Get your facts straight

Of course, to parallel this, the personalised learning environment has not only got to seem to understand and react, but get its facts straight too. That’s why the interface with Wolfram|Alpha and other Wolfram tech is so promising in this context. (My brother described and exemplified this power in general, not just for education, in his recent blogpost). Add in the need-to-know maths, science, having data ready for computation and putting ChatGPT with the Wolfram Edtech solution is way beyond anything on offer today for personalised learning.

Summary: Friend or Foe?

Do I have fears about ChatGPT being unleashed in education? I do: that fear of negative effects will entrench the failure to have computers available at all times. Those trying to adhere to a pre-computer age will use ChatGPT as yet another reason to ban computers in assessments and other learning situations. It will drive more of a wedge between reformers and traditionalists when there is no such clear-cut dichotomy.

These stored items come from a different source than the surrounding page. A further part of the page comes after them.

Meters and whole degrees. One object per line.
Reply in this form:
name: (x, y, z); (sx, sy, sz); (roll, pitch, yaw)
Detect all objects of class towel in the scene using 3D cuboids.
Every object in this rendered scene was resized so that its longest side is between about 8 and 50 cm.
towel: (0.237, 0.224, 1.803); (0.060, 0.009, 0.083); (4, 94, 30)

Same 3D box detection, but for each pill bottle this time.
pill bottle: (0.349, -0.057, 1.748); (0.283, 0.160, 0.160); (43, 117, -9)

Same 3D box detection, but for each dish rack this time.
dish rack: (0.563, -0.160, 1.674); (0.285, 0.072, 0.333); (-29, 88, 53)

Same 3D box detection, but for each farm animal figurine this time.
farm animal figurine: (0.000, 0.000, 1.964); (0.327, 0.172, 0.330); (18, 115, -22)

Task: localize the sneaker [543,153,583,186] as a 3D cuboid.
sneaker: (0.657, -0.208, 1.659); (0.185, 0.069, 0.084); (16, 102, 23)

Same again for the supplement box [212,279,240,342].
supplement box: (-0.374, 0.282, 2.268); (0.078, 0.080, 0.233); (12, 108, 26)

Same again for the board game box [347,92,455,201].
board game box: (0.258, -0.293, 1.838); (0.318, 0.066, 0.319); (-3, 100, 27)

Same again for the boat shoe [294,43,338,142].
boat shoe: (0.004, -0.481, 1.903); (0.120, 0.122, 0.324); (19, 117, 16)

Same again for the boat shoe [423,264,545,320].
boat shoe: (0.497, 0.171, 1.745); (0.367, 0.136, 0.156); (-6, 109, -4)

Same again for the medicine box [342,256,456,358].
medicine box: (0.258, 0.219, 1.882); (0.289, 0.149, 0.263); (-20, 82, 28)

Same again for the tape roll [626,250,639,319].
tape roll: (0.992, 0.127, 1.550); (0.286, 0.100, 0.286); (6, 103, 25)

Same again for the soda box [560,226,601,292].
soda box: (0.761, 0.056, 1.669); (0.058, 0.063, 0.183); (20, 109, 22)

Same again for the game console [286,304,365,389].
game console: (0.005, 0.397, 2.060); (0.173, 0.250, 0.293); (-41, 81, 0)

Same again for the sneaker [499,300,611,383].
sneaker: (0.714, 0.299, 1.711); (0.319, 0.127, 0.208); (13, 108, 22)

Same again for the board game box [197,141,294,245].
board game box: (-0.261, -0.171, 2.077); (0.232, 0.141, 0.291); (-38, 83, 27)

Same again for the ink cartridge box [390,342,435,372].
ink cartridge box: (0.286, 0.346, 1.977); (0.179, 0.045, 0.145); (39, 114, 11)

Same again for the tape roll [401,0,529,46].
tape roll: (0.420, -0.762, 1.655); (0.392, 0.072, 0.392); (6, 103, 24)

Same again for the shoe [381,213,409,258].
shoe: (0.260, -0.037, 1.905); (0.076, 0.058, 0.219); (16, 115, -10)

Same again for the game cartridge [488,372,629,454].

Overall, I’m optimistic. When we talk of mass literacy, average reading ability is higher than of writing. High quality writing is much more specialist. Could ChatGPT and the like change this? Hopefully so. If everyone can generate as well as consume communication more effectively, they’re better empowered. Ally this to achieving mass computational literacy that’s vital for good decision making at all levels in society and I believe we can enter a much brighter AI age.